Concurrent 5.E Advancing Pathology Reporting and Use
- Evaluation of eMaRC Lite software to determine cancer reportability in New York State.
Jovanka Harrison of the New York State Cancer Registry presented an evaluation of the CDC’s eMaRC Lite software, focusing on its effectiveness in determining cancer case reportability. The study compared the tool’s performance with SEER*DMS auto-coding results and manual review by registry staff, highlighting its potential role in improving automation and consistency in cancer case identification. - Advancing cancer registry auto-coding: Automation and consolidation of pathology data.
Dr. Jonathan Simkin of the BC Cancer Registry presented an approach to advancing cancer registry automation by consolidating multiple pathology reports – often linked to a single tumor – into unified, tumor-level records.

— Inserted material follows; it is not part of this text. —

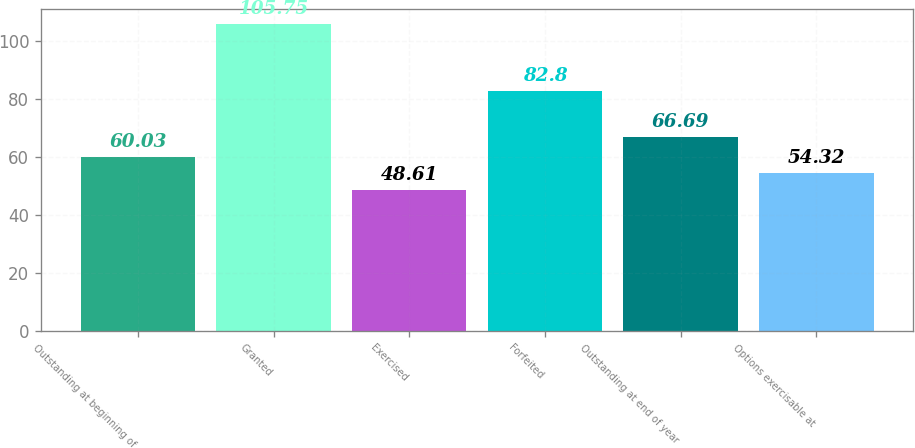Convert chart to OTSL. <chart><loc_0><loc_0><loc_500><loc_500><bar_chart><fcel>Outstanding at beginning of<fcel>Granted<fcel>Exercised<fcel>Forfeited<fcel>Outstanding at end of year<fcel>Options exercisable at<nl><fcel>60.03<fcel>105.75<fcel>48.61<fcel>82.8<fcel>66.69<fcel>54.32<nl></chart>

The presentation outlined methods for integrating key data fields such as site, histology, behavior, and laterality, emphasizing the role of auto-coding in streamlining pathology data for registry use and improving accuracy in multiple primary case management. - The cancer PathCHART database (CPC DB): Cancer registry data informatics in action.

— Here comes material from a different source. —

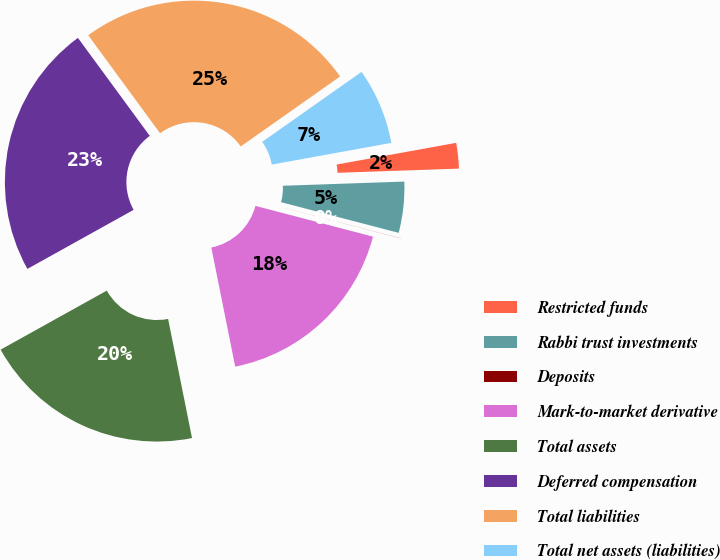<chart> <loc_0><loc_0><loc_500><loc_500><pie_chart><fcel>Restricted funds<fcel>Rabbi trust investments<fcel>Deposits<fcel>Mark-to-market derivative<fcel>Total assets<fcel>Deferred compensation<fcel>Total liabilities<fcel>Total net assets (liabilities)<nl><fcel>2.31%<fcel>4.61%<fcel>0.01%<fcel>17.78%<fcel>20.08%<fcel>23.01%<fcel>25.31%<fcel>6.91%<nl></chart>

Kathleen Kenna of the National Cancer Institute introduced Cancer PathCHART (CPC), a relational SQL database that integrates and standardizes site and morphology codes across major cancer data standard setters. CPC provides a single source of truth for SMCT, supporting consistency, expert review, and future implementation of ICD-O-4. It’s the first resource to link WHO 5th Edition content with SMCT products, enabling improved accuracy and coordination in cancer data standards.
All presentations from the NAACCR 2025 Annual Conference are available through the NAACCR Education and Training Portal. To view the sessions, you must have an active MyNAACCR account and be a NAACCR member.